Lepidocystis, another
echinoderm from the Kinzers Formation has been hypothesised to represent
a branch that given rise to stalked clades that are extinct such as
Eocrinoidea and the Crinoids. Crinoids are pentaradial in the 2-1-2
fashion, that have ambulacra that extend up their feeding arms (as is
the case in
Lepidocystis); (A.B.
Smith, 1988). They were all stalked and attached to the substrate for
most of their existence, by a stem-like organ that was well-skeletonised,
crinoids without stalks evolving much later. However, it has been
hypothesised that a second lineage also branched off the edrioasteroids,
which later evolved a stalk, diversifying into the Eocrinoidea, an
extinct class. The arm-like structures of crinoids were not invested by
coeloms, and did not bear ambulacra; such arms being called brachioles.

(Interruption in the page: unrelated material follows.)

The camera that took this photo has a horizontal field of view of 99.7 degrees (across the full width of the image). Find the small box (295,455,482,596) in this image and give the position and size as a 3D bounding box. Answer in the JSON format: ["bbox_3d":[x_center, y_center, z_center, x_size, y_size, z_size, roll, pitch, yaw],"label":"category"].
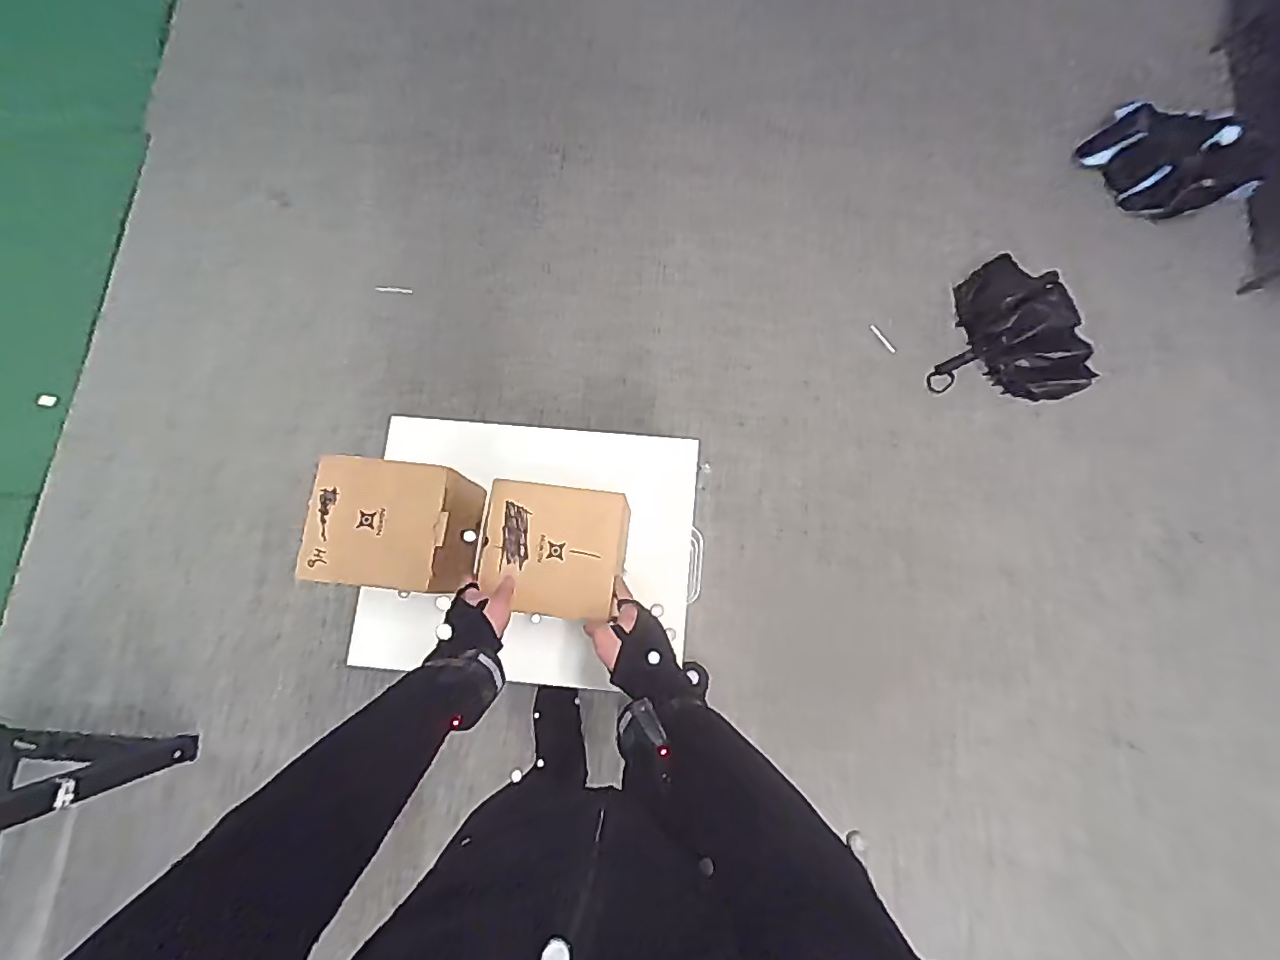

If the suggested phylogenetic hypothesis is correct Edrioasteroidea and
Eocrinoidea are both paraphyletic, though new fossil discovery are
required to test these hypotheses. Another enigmatic group of echinoderms, the
carpoids, that lack pentaradial symmetry, is first known from Stage 5 in
Bohemia. Though 2 of the 3 main groups have been suggested to “exhibit
bilateral tendencies,” in Ken Caster’s phrase (Ubaghs & Caster, 1967,
S583); and according to the authors1 there are no other
echinoids that are remotely like them. The Stylophora, a clade of
carpoids, was at some time in the past proposed to be on the lineage of
vertebrates (Jeffries, 1986). It has subsequently been shown that
carpoids are a branch of echinoderms that are no more closely related to
chordates than any other echinoderm group, though the architecture of
carpoids is clearly outside the borders of all other known echinoderms,
and the time of the first appearance of carpoids is uncertain.